▸ What to do: The lines to repeat run from the one containing "title: Oudezijds Voorburgwal" through the last line of the records below; repeat them exactly and give nothing more.

___ Records for this exercise ___

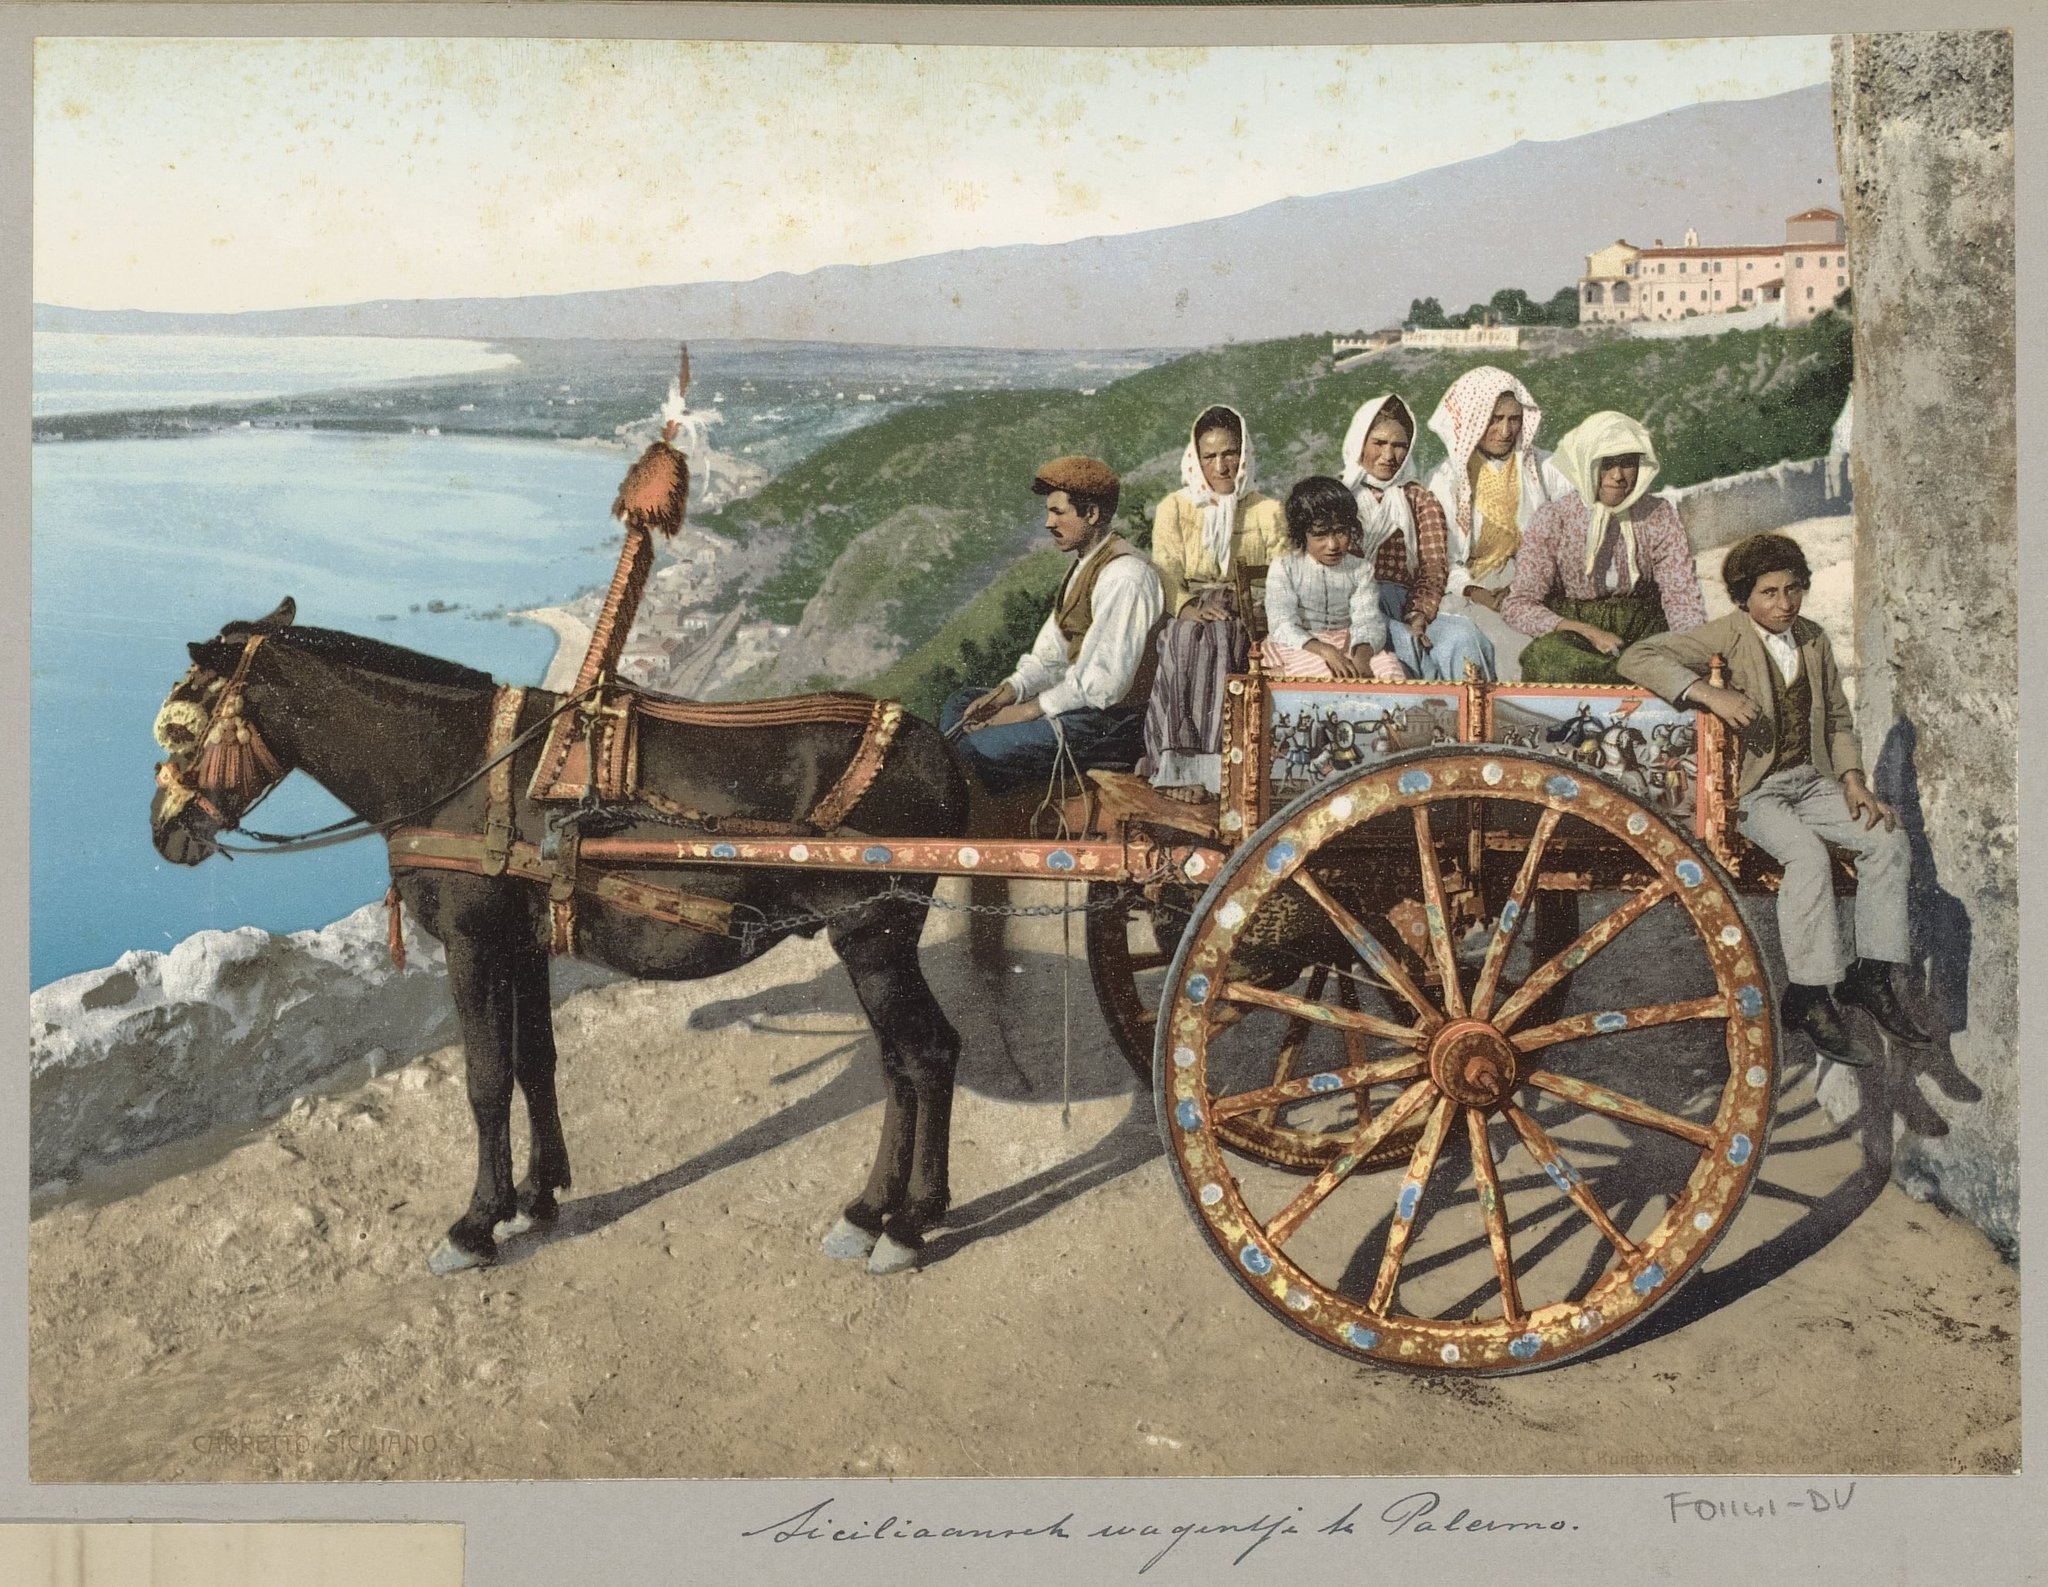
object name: print
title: Versierde paardenkar met boeren in Palermo
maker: Anonymous
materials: paper
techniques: hand coloring, lithograph
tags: two-wheeled, animal-drawn vehicle, farmers
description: Onderdeel van Fotoalbum van een reis door Zuid-Europa en het Midden-Oosten.
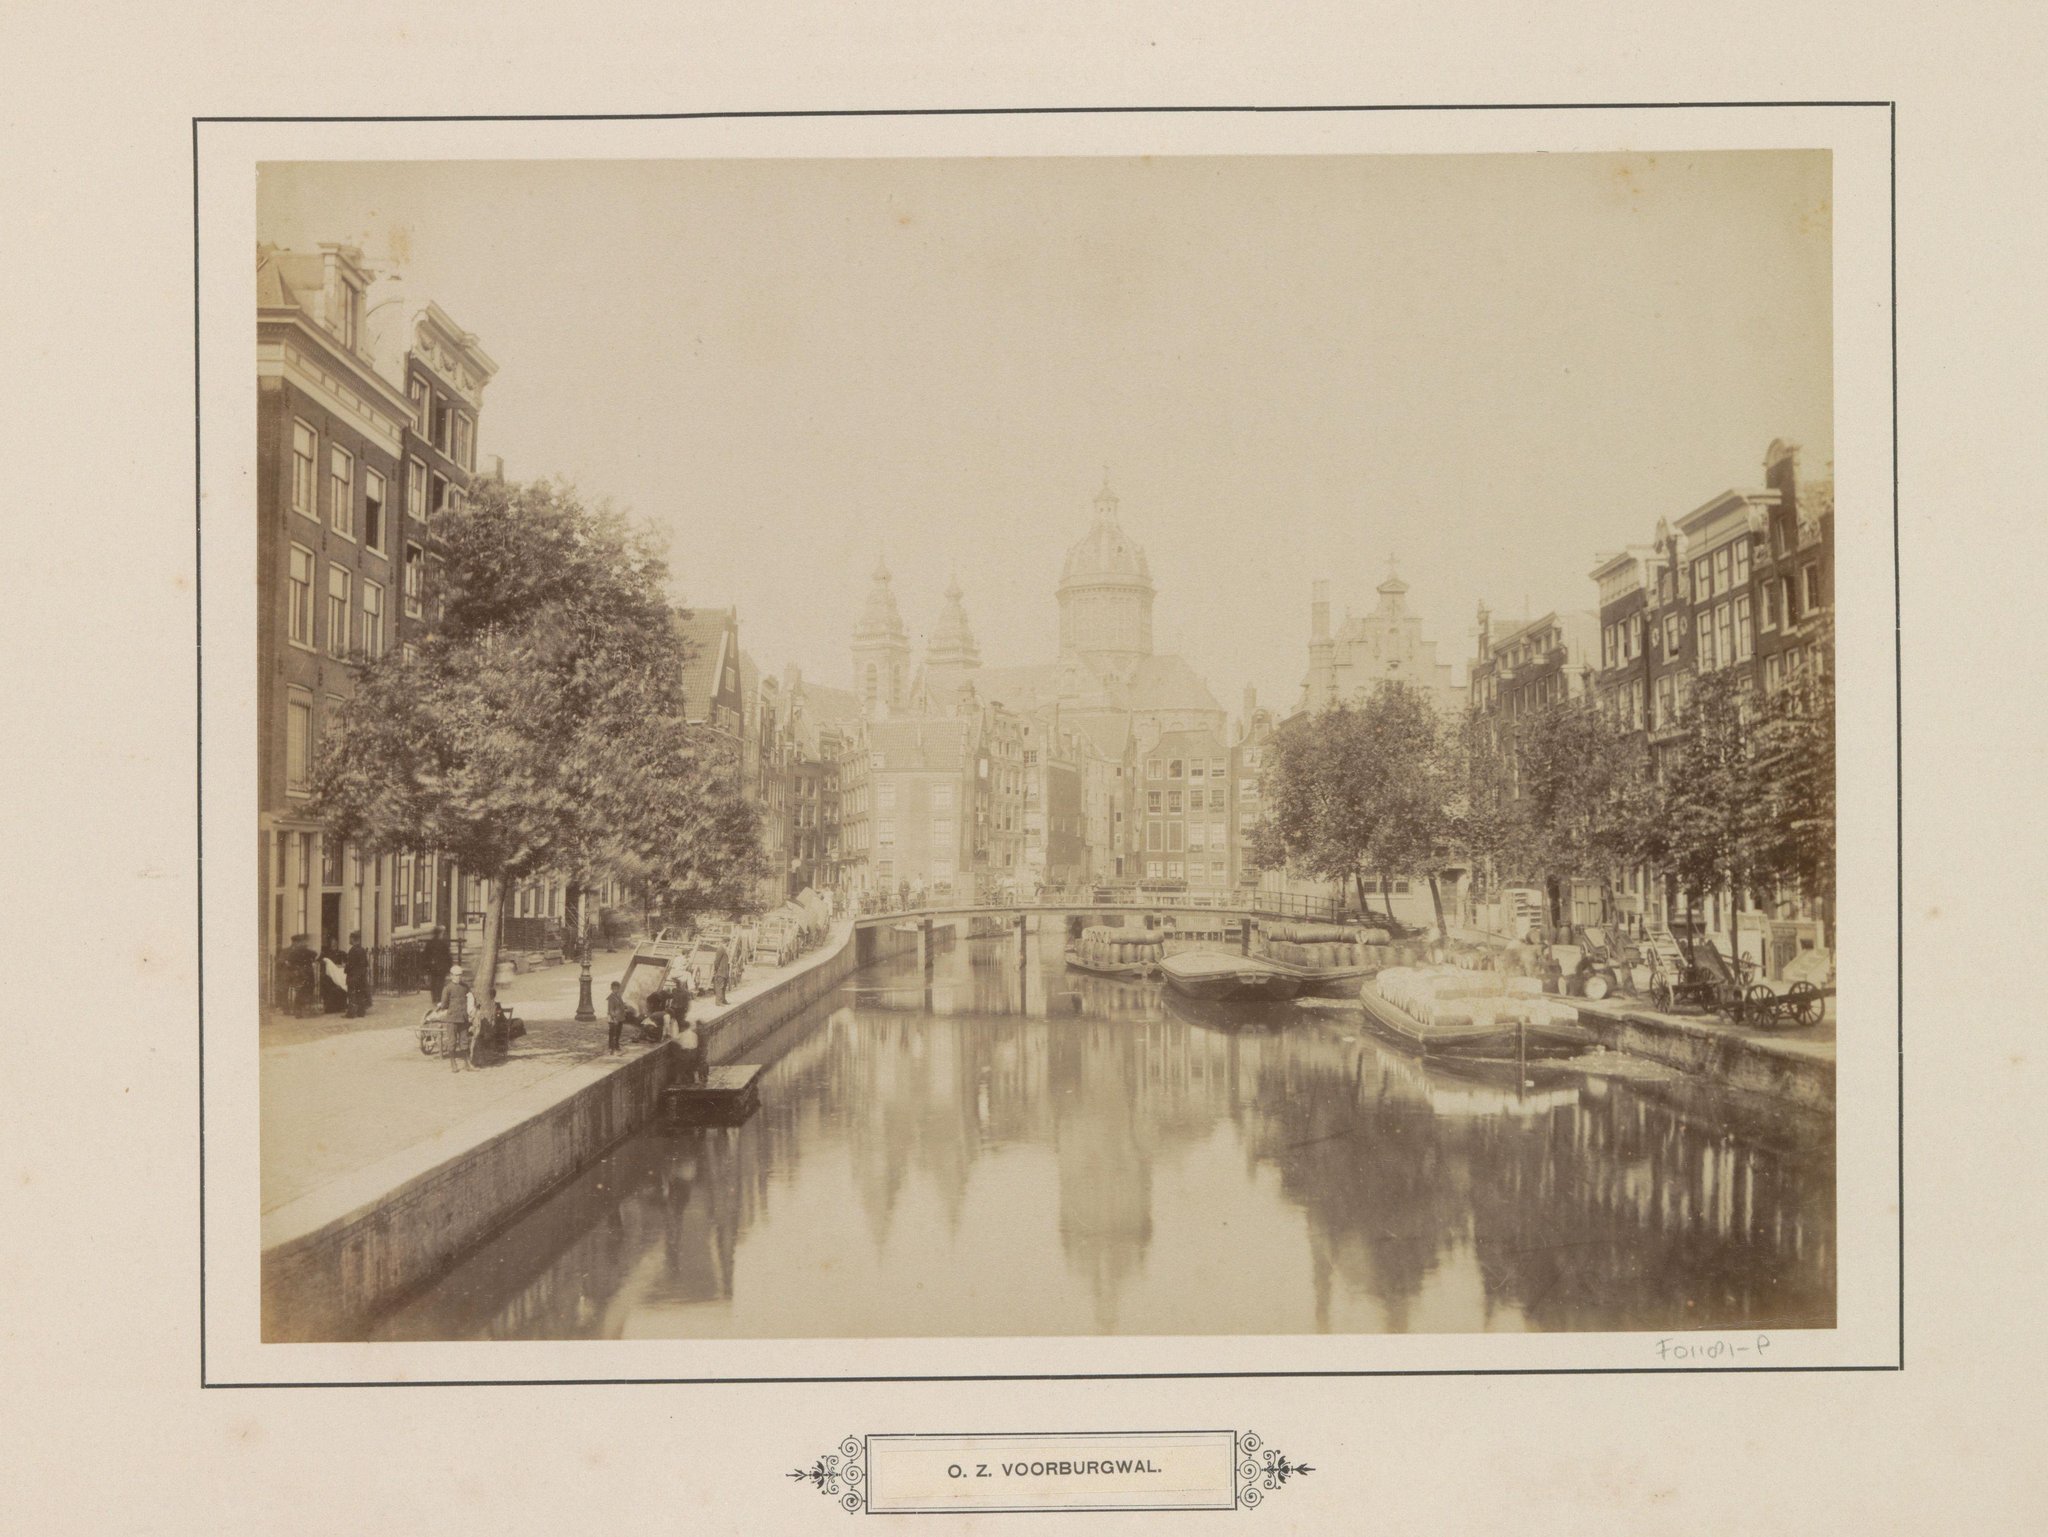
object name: photograph
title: Oudezijds Voorburgwal gezien richting Nicolaaskerk
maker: Anonymous
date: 1880-1895
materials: photographic support
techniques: albumen print
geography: amsterdam
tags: canal, bridge in city across river, canal, etc.
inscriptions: inscription: ‘Hendrik Groote. 43. Kalverstraat 43. Eastman Kodak Agency Darkroom at disposal.’
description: Onderdeel van Fotoalbum met opnames van het centrum van Amsterdam en reclameteksten voor winkels en bedrijven.

___

▸ Task response:
title: Oudezijds Voorburgwal gezien richting Nicolaaskerk
maker: Anonymous
date: 1880-1895
materials: photographic support
techniques: albumen print
geography: amsterdam
tags: canal, bridge in city across river, canal, etc.
inscriptions: inscription: ‘Hendrik Groote. 43. Kalverstraat 43. Eastman Kodak Agency Darkroom at disposal.’
description: Onderdeel van Fotoalbum met opnames van het centrum van Amsterdam en reclameteksten voor winkels en bedrijven.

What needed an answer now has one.